Beispiel #1
0
def run_test(model, loader, hps, limited=False):
    """Repeatedly runs eval iterations, logging to screen and writing summaries. Saves the model with the best loss seen so far."""
    test_dir = os.path.join(hps.save_root, "test") # make a subdir of the root dir for eval data
    eval_dir = os.path.join(hps.save_root, "eval")
    if not os.path.exists(test_dir) : os.makedirs(test_dir)
    if not os.path.exists(eval_dir) :
        logger.exception("[Error] eval_dir %s doesn't exist. Run in train mode to create it.", eval_dir)
        raise Exception("[Error] eval_dir %s doesn't exist. Run in train mode to create it." % (eval_dir))

    if hps.test_model == "evalbestmodel":
        bestmodel_load_path = os.path.join(eval_dir, 'bestmodel.pkl') # this is where checkpoints of best models are saved
    elif hps.test_model == "earlystop":
        train_dir = os.path.join(hps.save_root, "train")
        bestmodel_load_path = os.path.join(train_dir, 'earlystop.pkl')
    else:
        logger.error("None of such model! Must be one of evalbestmodel/trainbestmodel/earlystop")
        raise ValueError("None of such model! Must be one of evalbestmodel/trainbestmodel/earlystop")
    logger.info("[INFO] Restoring %s for testing...The path is %s", hps.test_model, bestmodel_load_path)
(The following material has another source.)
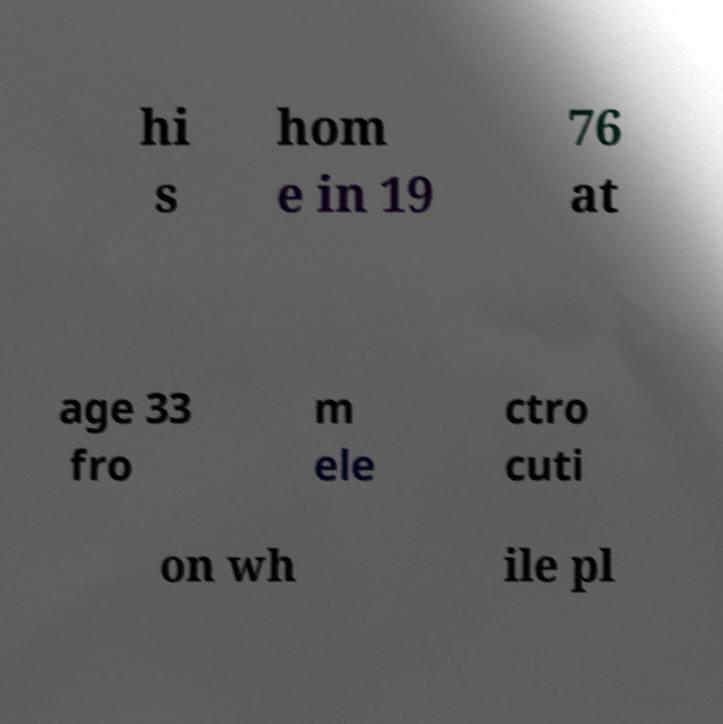Please read and relay the text visible in this image. What does it say? hi s hom e in 19 76 at age 33 fro m ele ctro cuti on wh ile pl

    modelloader = ModelLoader()
    modelloader.load_pytorch(model, bestmodel_load_path)

    if hps.use_pyrouge:
        logger.info("[INFO] Use PyRougeMetric for testing")
        tester = Tester(data=loader, model=model,
                        metrics=[LabelFMetric(pred="prediction"), PyRougeMetric(hps, pred="prediction")],
                        batch_size=hps.batch_size)
    else:
        logger.info("[INFO] Use FastRougeMetric for testing")
        tester = Tester(data=loader, model=model,
                        metrics=[LabelFMetric(pred="prediction"), FastRougeMetric(hps, pred="prediction")],
                        batch_size=hps.batch_size)
    test_info = tester.test()
    logger.info(test_info)
def run_training(model, train_loader, valid_loader, hps):
    logger.info("[INFO] Starting run_training")

    train_dir = os.path.join(hps.save_root, "train")
    if os.path.exists(train_dir): shutil.rmtree(train_dir)
    os.makedirs(train_dir)
    eval_dir = os.path.join(
        hps.save_root, "eval")  # make a subdir of the root dir for eval data
    if not os.path.exists(eval_dir): os.makedirs(eval_dir)

    optimizer = torch.optim.Adam(filter(lambda p: p.requires_grad,
                                        model.parameters()),
                                 lr=hps.lr)
    criterion = MyCrossEntropyLoss(pred="p_sent",
                                   target=Const.TARGET,
                                   mask=Const.INPUT_LEN,
                                   reduce='none')

    trainer = Trainer(model=model,
                      train_data=train_loader,
                      optimizer=optimizer,
                      loss=criterion,
                      n_epochs=hps.n_epochs,
                      print_every=100,
                      dev_data=valid_loader,
                      metrics=[
                          LossMetric(pred="p_sent",
                                     target=Const.TARGET,
                                     mask=Const.INPUT_LEN,
                                     reduce='none'),
                          LabelFMetric(pred="prediction"),
                          FastRougeMetric(hps, pred="prediction")
                      ],
                      metric_key="loss",
                      validate_every=-1,
                      save_path=eval_dir,
                      callbacks=[TrainCallback(hps, patience=5)],
                      use_tqdm=False)

    train_info = trainer.train(load_best_model=True)
    logger.info('   | end of Train | time: {:5.2f}s | '.format(
        train_info["seconds"]))
    logger.info('[INFO] best eval model in epoch %d and iter %d',
                train_info["best_epoch"], train_info["best_step"])
    logger.info(train_info["best_eval"])

    bestmodel_save_path = os.path.join(
        eval_dir,
        'bestmodel.pkl')  # this is where checkpoints of best models are saved
    saver = ModelSaver(bestmodel_save_path)
    saver.save_pytorch(model)
    logger.info('[INFO] Saving eval best model to %s', bestmodel_save_path)